Года два уже я пытаюсь определить, в чем заключается ее удивительная сила. Мои мысли рано или поздно прилетают именно сюда, словно на паре ее улочек крест-накрест они должны были бы найти удовлетворение, но пока что повисают в пустоте. Церговская, Зеленая, Прибрежная, Парковая, Городской Вал, Рынок. Три забегаловки, два костела, два моста, автовокзал, пара магазинов и музей братства по оружию. Фотограф и два ветеринара. Всего как раз столько, чтобы человеческое пространство не утратило непрерывности, как раз столько, чтобы у путешественника было ощущение, что он идет в освоенном направлении, а чистая география едва просвечивает из-под топографии.

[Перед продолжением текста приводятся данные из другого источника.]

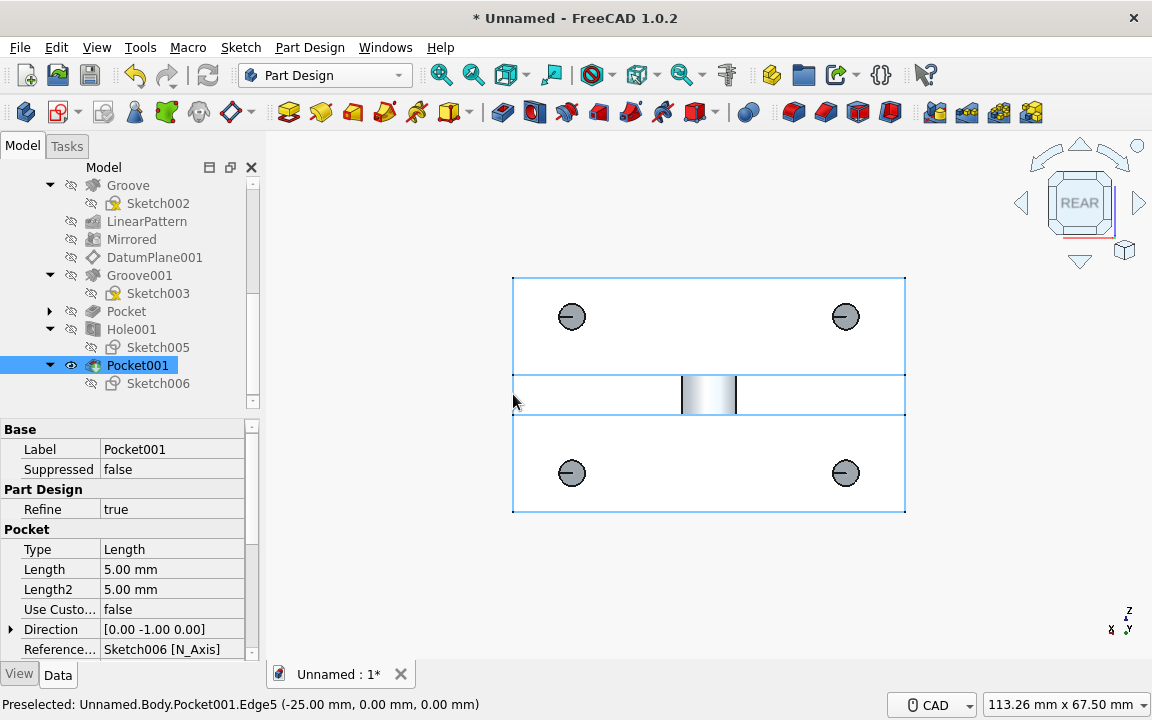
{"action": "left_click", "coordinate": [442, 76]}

В общем, Дукля как напоминание, как ментальная дырка в душе, ключ, который невозможно подделать, дух, поросший поблескивающими перышками реальности. Дукля, заслуживающая литании, Дукля с истлевшим телом Амалии вместо сердца, Дукля, наполненная пространством, в котором рождаются образы и настигает прошлое, а будущее перестает быть интересным; и я мог бы сидеть на западной стороне Рынка до отупения, до окончательного помешательства, словно какой-нибудь деревенский дурачок, буддист-простофиля, трефовый шут, выброшенный из колоды и контекста, словно пьянчуга перед витриной закусочной, в которой высвечиваются чудеса мира и самые дурные мысли, о существовании которых час тому назад ты и не подозревал, — я мог бы так сидеть, а за моей спиной, пассажем, образованным безлистой кленовой тенью, семенили бы по своим делам обыватели, между магазинами с кальварийской мебелью, книжным и продуктовым. Собственно, так и было, пока я не докурил свою «Дойну» и не принял решение возвращаться через Жмигруд, потому что мне хотелось в заднее окно автобуса поглядеть на Цергову в косом медовом свете и поразмышлять о Соракте, Лоррене и о маленьких человеческих фигурках под большим небом, о безнадежном упрямстве, с которым они цепляются за пейзаж, хотя сам он не обращает на них внимания, несмотря на то, что они долбят его, роют, изменяют очертания, обдирают и затачивают линию горизонта.